Replies are listed 'Best First'.
Re: How do I dynamically populate a hash after parsing columns from a file
by ikegami (Patriarch) on Mar 08, 2011 at 22:53 UTC
    Your code works fine:
    ... Hash size: 13

    PS — close(); should be close(IN);

      Eclipse says that I my hash size is zero. I know that the file has 24750 records
      because it is on my desktop and and I opened it manually before I ran
      my script. I guess it's something with Perl implementation of eclipse.
      Thanks!
        Eclipse is not implemented in Perl. I think you mean "the perl launched by EPIC". And I seriously doubt that. I suspect something you said isn't true. Once you find out what, you'll have found your problem.
Re: How do I dynamically populate a hash after parsing columns from a file
by lostjimmy (Chaplain) on Mar 08, 2011 at 23:00 UTC
    There doesn't seem to be anything wrong with your code. I get Hash size: 13 when I run it against the provided data. Also, you're using Data::Dumper, so why not see what that prints?

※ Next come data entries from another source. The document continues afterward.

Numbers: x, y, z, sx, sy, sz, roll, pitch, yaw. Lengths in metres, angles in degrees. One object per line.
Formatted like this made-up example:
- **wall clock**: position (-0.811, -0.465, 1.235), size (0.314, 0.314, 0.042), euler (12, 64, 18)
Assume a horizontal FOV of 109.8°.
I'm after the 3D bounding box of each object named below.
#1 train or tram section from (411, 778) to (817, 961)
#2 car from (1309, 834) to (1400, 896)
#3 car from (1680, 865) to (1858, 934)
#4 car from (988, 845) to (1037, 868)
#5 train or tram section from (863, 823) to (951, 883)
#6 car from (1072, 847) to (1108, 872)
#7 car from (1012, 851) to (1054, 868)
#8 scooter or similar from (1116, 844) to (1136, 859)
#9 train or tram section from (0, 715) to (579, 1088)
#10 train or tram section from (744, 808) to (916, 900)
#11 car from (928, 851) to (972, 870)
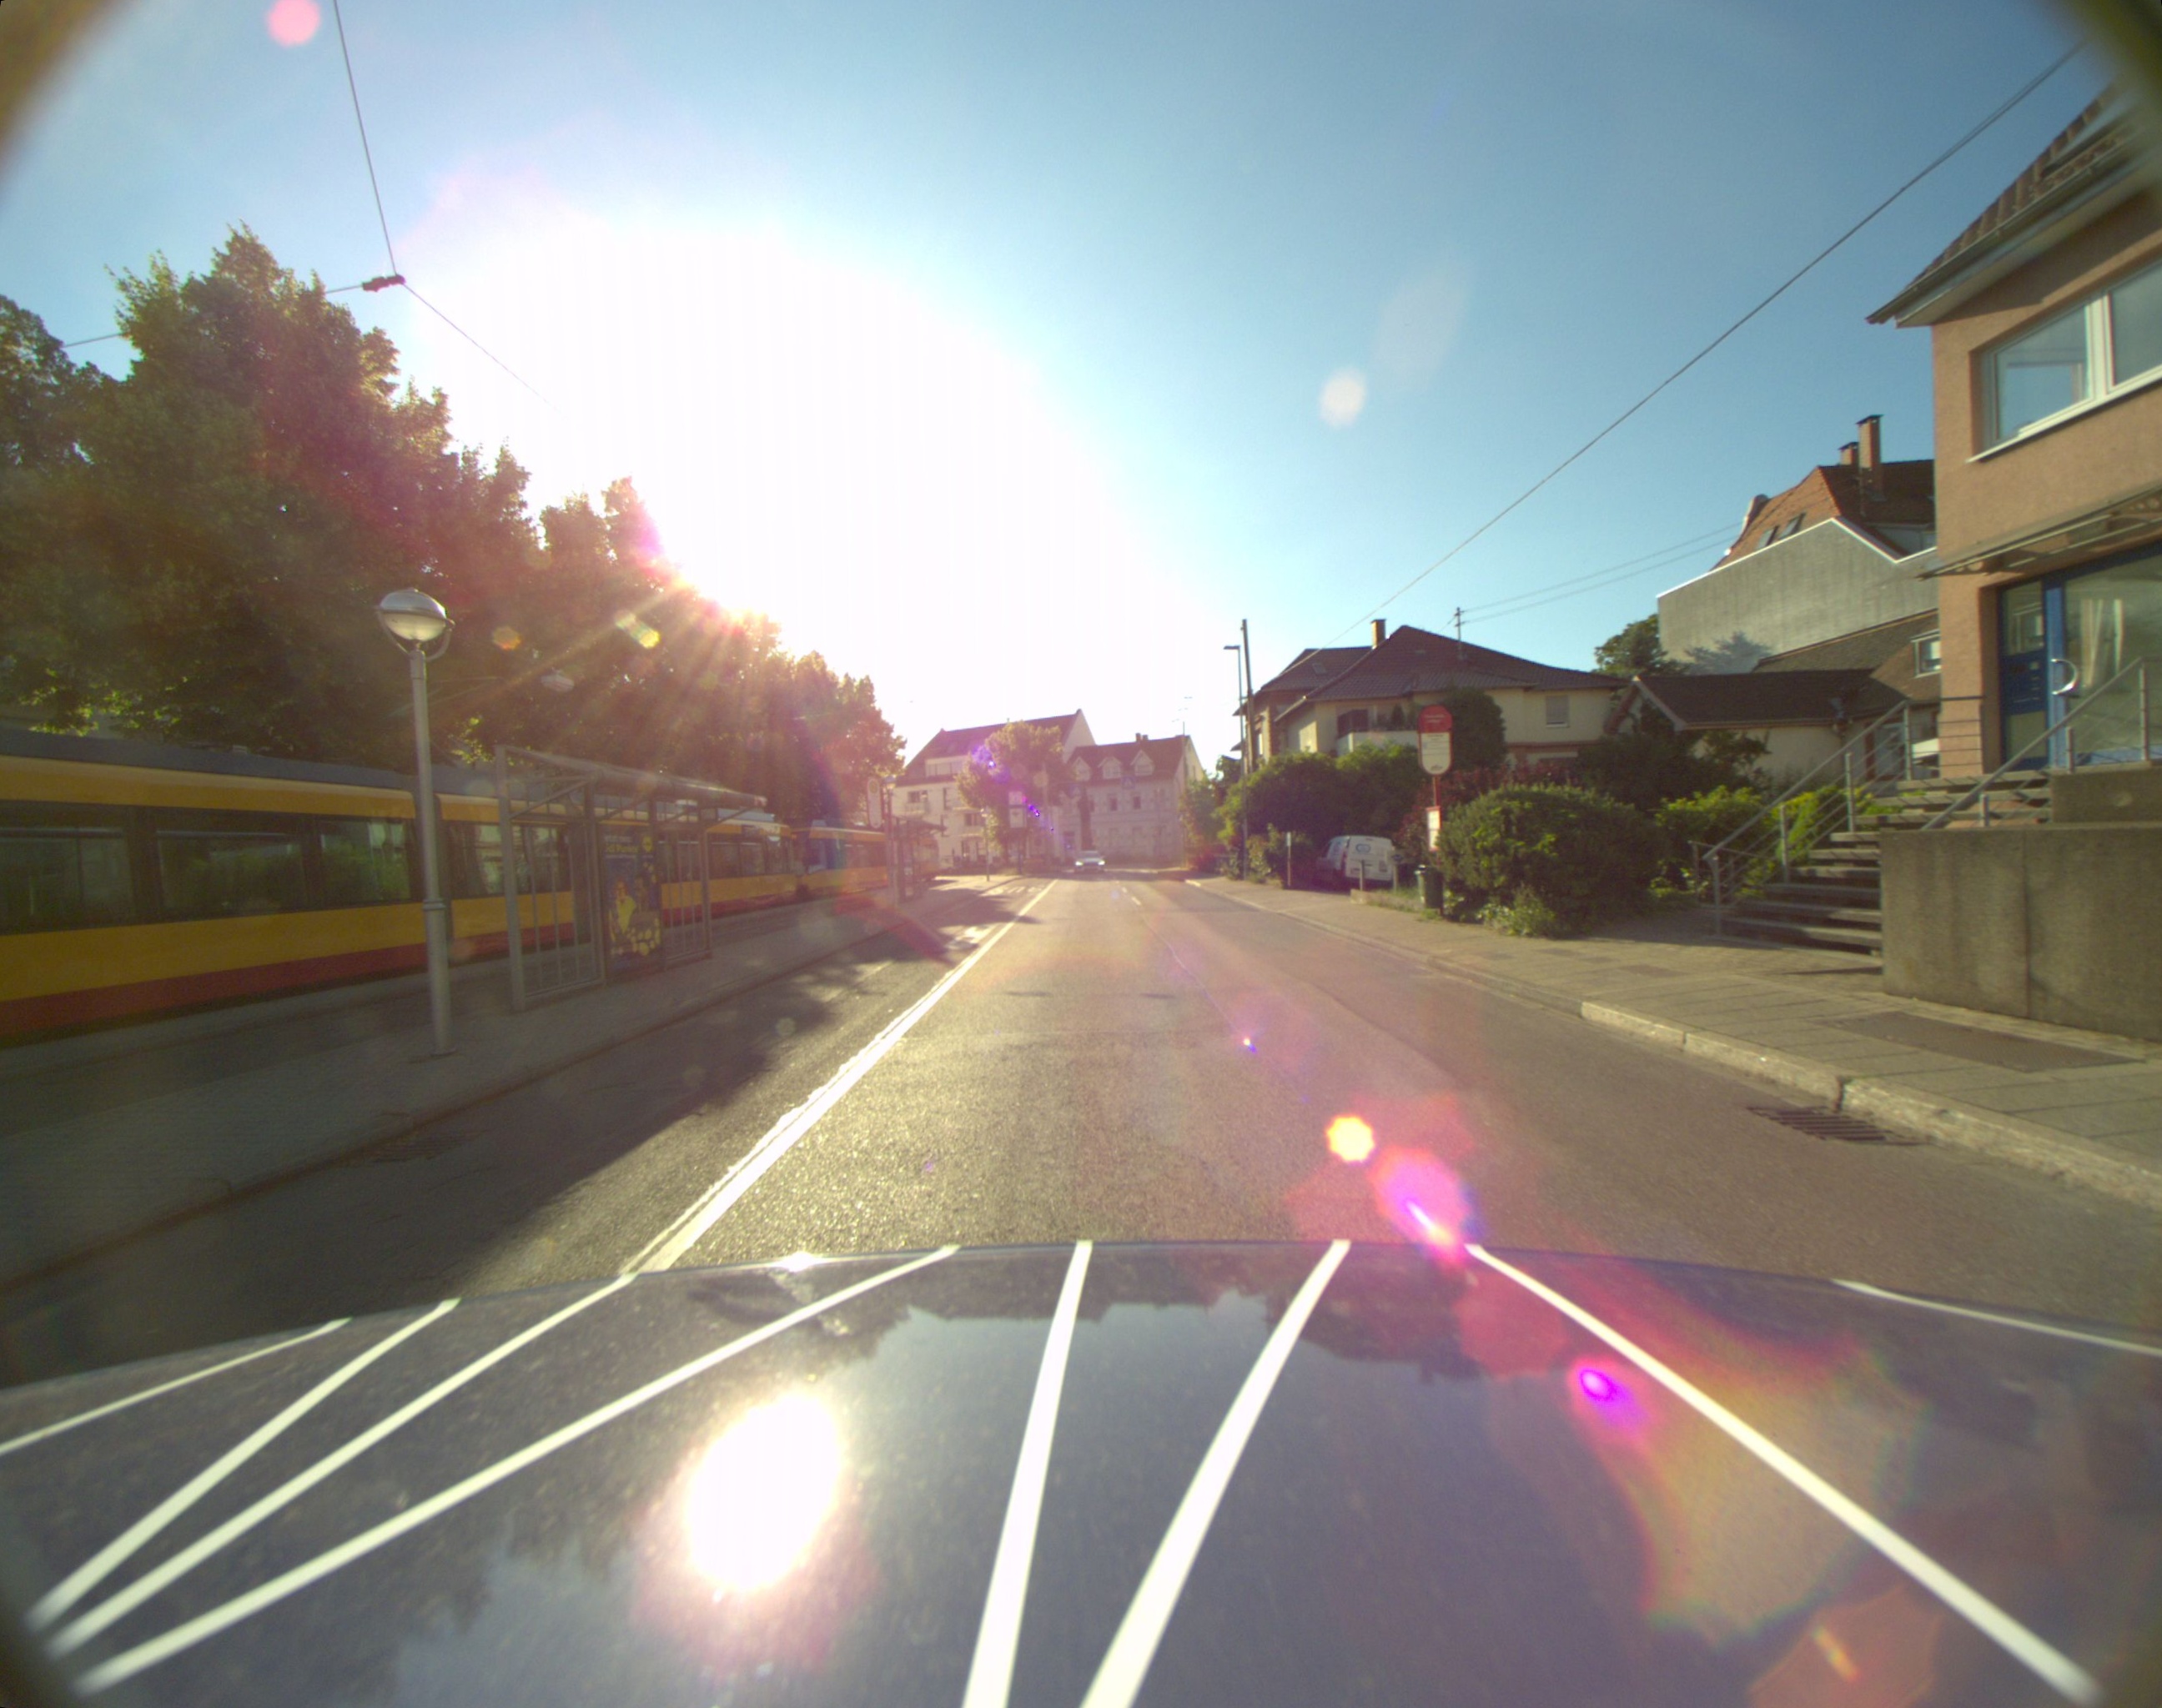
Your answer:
- **train or tram section**: position (-11.494, 0.150, 21.656), size (2.964, 3.514, 13.461), euler (-2, 1, 1)
- **car**: position (8.947, 0.322, 25.169), size (1.705, 1.804, 3.671), euler (4, 1, 2)
- **car**: position (19.866, 1.244, 22.205), size (1.845, 1.659, 3.793), euler (2, 1, 4)
- **car**: position (-6.639, 0.271, 73.300), size (4.780, 1.922, 1.875), euler (-4, 0, 44)
- **train or tram section**: position (-11.351, -0.066, 51.224), size (2.965, 3.402, 13.461), euler (-2, 0, -1)
- **car**: position (0.628, 0.336, 49.630), size (1.998, 1.454, 4.450), euler (-3, 0, 5)
- **car**: position (-5.101, 0.577, 80.161), size (4.196, 1.454, 1.610), euler (-4, 0, 32)
- **scooter or similar**: position (4.607, -0.246, 77.964), size (1.882, 1.358, 0.625), euler (-3, 1, 23)
- **train or tram section**: position (-11.696, 0.488, 7.203), size (2.964, 3.514, 15.966), euler (-2, 1, 1)
- **train or tram section**: position (-11.198, -0.022, 36.623), size (2.965, 3.402, 15.938), euler (-2, 0, 0)
- **car**: position (-14.647, 0.703, 84.996), size (4.263, 1.945, 2.003), euler (-2, 1, 20)

    Are you sure CCDS.20090902.txt actually contains anything?

Re: How do I dynamically populate a hash after parsing columns from a file
by roboticus (Chancellor) on Mar 09, 2011 at 13:19 UTC

    IomSpace:

    I was able to reproduce your problem with a couple tweaks:

    • I added $/="\r\n"; just after your use statements, and
    • I modified the data to end in "\n" only.

    So, I think you're running on a windows box, so perl is assuming CRLF line endings, but your data comes from a Unix box and has LF endings. So your line to consume the header eats the entire file, and your while loop has nothing to process. Anyway, that's my guess.

    ...roboticus

    When your only tool is a hammer, all problems look like your thumb.

Re: How do I dynamically populate a hash after parsing columns from a file
by wfsp (Abbot) on Mar 09, 2011 at 10:34 UTC
    You provided a short script with some sample data and monks are reporting that your script worked ok for them. I downloaded the code too but had to make a few small changes (the other monks must have done something similar).

    I commented out the

    open(IN,"CCDS.20090902.txt")...
    line and changed the two subsequent occurences of IN to DATA (i.e. use the sample data). Worked ok for me too. Your algorythm's fine, this is useful to know and points you further up the script. The question becomes, "Is the input what you think it is?" Is the file your opening actually the file you think it is. For me at least, a common and frustrating state of affairs. :-)

    Perhaps consider what I do in these cases. I put in some debugging code that prints the first 10 lines of the file after its been opened. Add loud delimiters to the start and end of each line, say, ***. This can help identify any issues with white space/new lines etc. Have a good look. Is it, as lostjimmy suggests, empty?

    Good luck!